Integration-deficient lentiviral vectors delivering neurotrophic factors for gene therapy of Parkinson’s disease

Parkinson’s disease (PD) results from the loss of nigral dopaminergic neurons and subsequent depletion of striatal dopamine. Direct injection of neurotrophic factors has shown encouraging protection in animal models of PD. However, clinical delivery of protein requires administration by implanted mini-pumps, with associated surgical risks. Hence, a novel integration-deficient lentiviral vector (IDLV) system, with an improved biosafety profile, was introduced.

Initial experiments examined whether transduction efficiency of IDLVs was comparable with that of the standard integration-proficient lentiviral vectors (IPLVs) through enhanced green fluorescent protein (eGFP) expression. Both data from transduced rat primary ventral mesencephalic cell cultures and 6-OHDA-lesioned rats display higher transduction efficiency of IPLVs in some cases, which may be related to cell proliferation.

IDLVs were further used to deliver insulin-like growth factor 1 (Igf-1) to ascertain the therapeutic effect of this factor, which upon delivery as a protein has recently demonstrated impressive neuroprotection against 6-hydroxydopamine (6-OHDA)-induced toxicity. IDLV-mediated IGF-1 neuroprotection were investigated in comparison with those of the well-characterised glial cell line-derived neurotrophic factor (GDNF). Significant improvements in cell survival of neuronal cultures transduced with either IDLV-Igf-1 or IDLV-Gdnf support the hypothesis that Igf-1-expressing IDLVs could be neuroprotective in vitro.
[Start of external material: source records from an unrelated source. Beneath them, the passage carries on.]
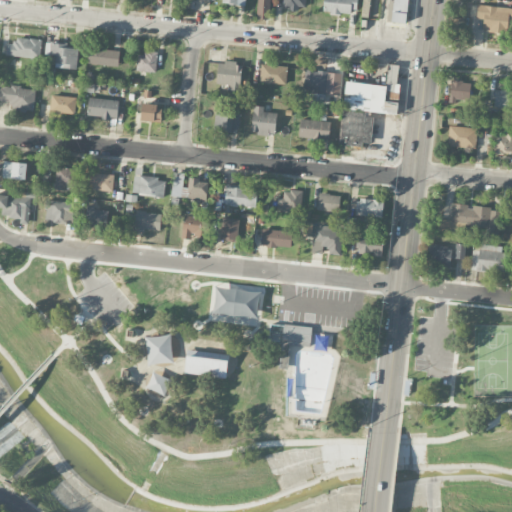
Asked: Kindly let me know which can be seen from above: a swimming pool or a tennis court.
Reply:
swimming pool
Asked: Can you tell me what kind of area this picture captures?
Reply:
residential area
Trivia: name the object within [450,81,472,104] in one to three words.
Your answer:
house
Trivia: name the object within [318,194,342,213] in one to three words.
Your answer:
house
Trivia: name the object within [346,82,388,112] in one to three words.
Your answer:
building
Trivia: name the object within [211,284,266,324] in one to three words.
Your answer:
building
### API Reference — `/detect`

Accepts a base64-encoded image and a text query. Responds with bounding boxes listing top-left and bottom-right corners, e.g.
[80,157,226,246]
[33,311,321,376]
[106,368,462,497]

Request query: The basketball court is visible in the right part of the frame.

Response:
[474,324,512,397]
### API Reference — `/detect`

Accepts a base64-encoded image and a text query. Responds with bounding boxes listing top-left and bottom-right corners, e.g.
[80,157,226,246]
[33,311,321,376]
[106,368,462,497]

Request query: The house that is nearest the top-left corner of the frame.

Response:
[10,37,42,58]
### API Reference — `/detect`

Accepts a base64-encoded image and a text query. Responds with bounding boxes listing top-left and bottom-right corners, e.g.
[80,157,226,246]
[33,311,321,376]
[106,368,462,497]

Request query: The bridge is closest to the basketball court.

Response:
[359,432,401,512]
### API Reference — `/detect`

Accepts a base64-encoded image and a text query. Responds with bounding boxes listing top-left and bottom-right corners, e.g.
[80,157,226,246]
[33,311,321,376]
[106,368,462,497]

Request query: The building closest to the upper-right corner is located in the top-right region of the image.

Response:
[478,3,512,32]
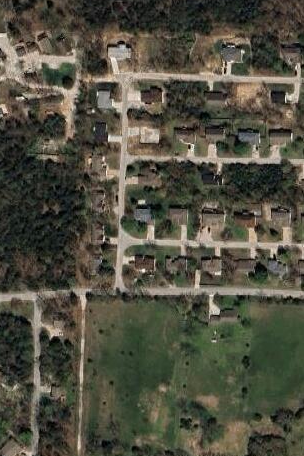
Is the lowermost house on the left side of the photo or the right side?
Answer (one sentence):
You can find the lowermost house on the left side of the picture.
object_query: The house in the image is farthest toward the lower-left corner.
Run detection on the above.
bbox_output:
[0,436,30,456]
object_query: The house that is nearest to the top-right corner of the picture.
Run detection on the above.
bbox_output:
[282,45,302,65]
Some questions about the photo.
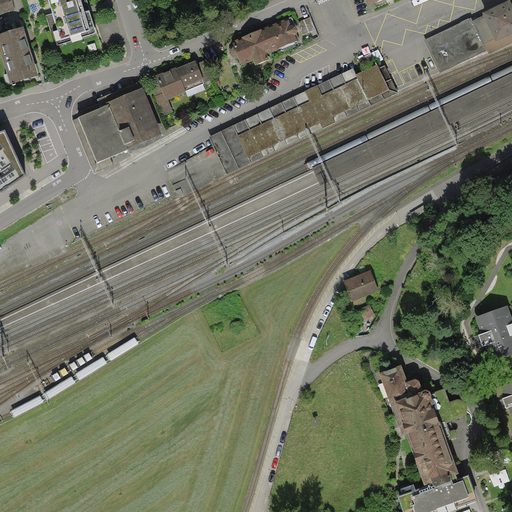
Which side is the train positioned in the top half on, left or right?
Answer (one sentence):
The train positioned in the top half is on the right side of the image.
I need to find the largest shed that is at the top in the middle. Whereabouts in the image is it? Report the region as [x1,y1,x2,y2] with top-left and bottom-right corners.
[210,64,396,174]
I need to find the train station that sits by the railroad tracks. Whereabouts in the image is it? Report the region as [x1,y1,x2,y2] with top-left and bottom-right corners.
[0,74,512,326]
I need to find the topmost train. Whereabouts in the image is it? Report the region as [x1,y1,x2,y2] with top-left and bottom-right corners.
[307,64,512,168]
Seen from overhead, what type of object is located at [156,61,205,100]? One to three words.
house
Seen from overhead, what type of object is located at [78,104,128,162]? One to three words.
building
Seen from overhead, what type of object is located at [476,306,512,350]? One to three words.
house
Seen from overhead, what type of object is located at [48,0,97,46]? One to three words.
building
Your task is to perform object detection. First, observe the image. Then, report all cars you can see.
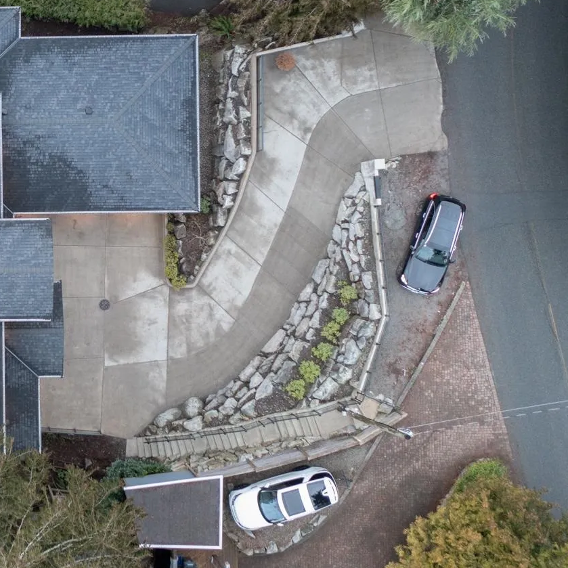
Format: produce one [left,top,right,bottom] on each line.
[395,193,469,297]
[227,463,339,530]
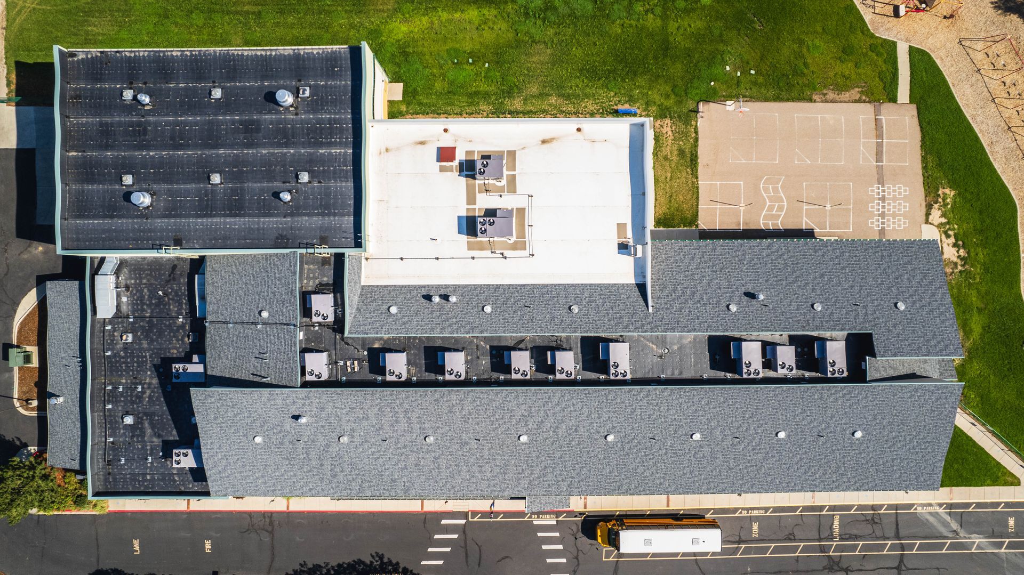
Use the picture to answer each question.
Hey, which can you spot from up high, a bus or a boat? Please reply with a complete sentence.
Of the two, only a bus appears.
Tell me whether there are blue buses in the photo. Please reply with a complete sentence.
No, no blue bus can be seen from above.
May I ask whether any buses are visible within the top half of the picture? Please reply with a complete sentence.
No, there is no bus within the top half of the picture.
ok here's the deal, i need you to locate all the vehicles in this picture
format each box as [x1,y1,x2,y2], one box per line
[593,518,722,553]
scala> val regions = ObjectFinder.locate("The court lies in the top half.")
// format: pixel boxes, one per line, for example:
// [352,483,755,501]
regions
[698,102,925,239]
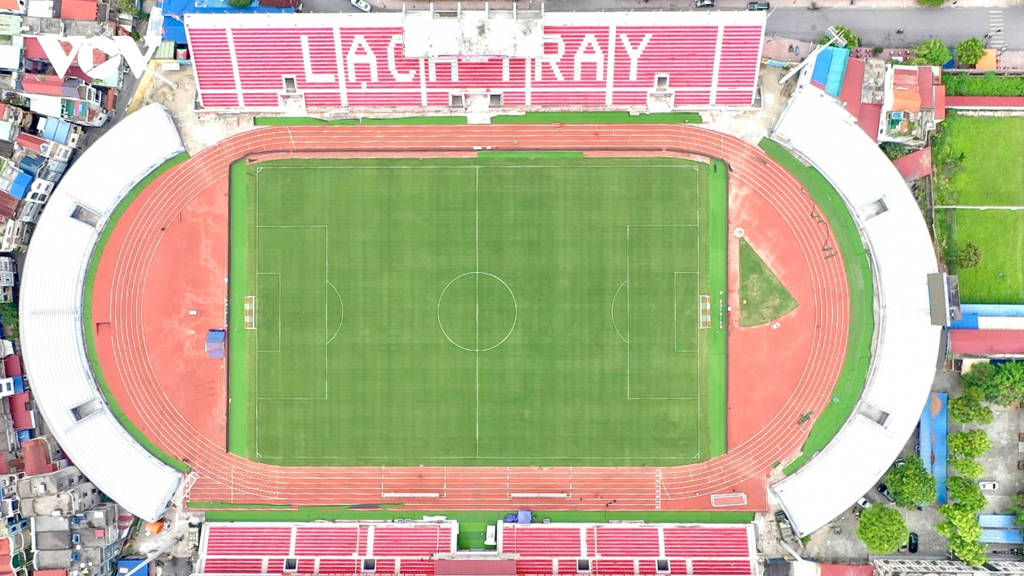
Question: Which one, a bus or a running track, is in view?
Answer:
running track
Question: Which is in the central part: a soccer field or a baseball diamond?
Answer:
soccer field
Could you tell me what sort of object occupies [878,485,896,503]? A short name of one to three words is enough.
car
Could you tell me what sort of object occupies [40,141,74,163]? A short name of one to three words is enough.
house
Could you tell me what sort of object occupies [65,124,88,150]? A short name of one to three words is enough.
house
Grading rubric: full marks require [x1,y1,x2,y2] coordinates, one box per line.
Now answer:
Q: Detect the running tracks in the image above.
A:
[92,124,851,510]
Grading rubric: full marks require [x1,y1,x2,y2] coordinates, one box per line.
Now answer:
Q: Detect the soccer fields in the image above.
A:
[248,158,710,466]
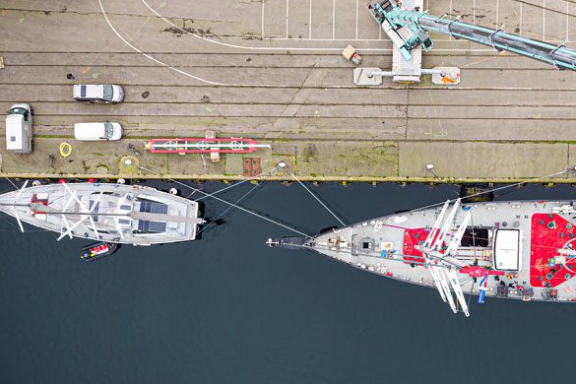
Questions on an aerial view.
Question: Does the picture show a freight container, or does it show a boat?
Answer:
boat
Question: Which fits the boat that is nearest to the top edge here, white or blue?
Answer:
white
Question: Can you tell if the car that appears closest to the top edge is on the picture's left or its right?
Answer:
left
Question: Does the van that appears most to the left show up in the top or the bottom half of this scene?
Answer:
top
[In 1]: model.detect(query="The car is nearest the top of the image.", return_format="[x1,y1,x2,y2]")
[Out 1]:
[73,81,124,104]
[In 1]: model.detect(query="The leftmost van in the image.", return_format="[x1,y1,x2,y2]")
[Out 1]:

Animal experiments were then performed to test whether vector-mediated therapeutic effects of IGF-1 and GDNF could be transferred in in vivo. Whilst hGDNF overexpression improved dopaminergic cell survival and behaviour of injected 6-OHDA-lesioned rats, there was no neuroprotection following Igf-1 transduction. A long-term investigation of GDNF-induced neuroprotection in 6-OHDA-lesioned rats further confirms the long-lasting efficacy of hGDNF-expressing vectors, regardless of vector integration proficiency.

Overall, these findings provide evidence for the therapeutic efficacy of IDLVs in PD and support their use in the CNS as a safer delivery system. The data also suggest vector delivery of Igf-1 may not be worthy of further consideration for the treatment of PD.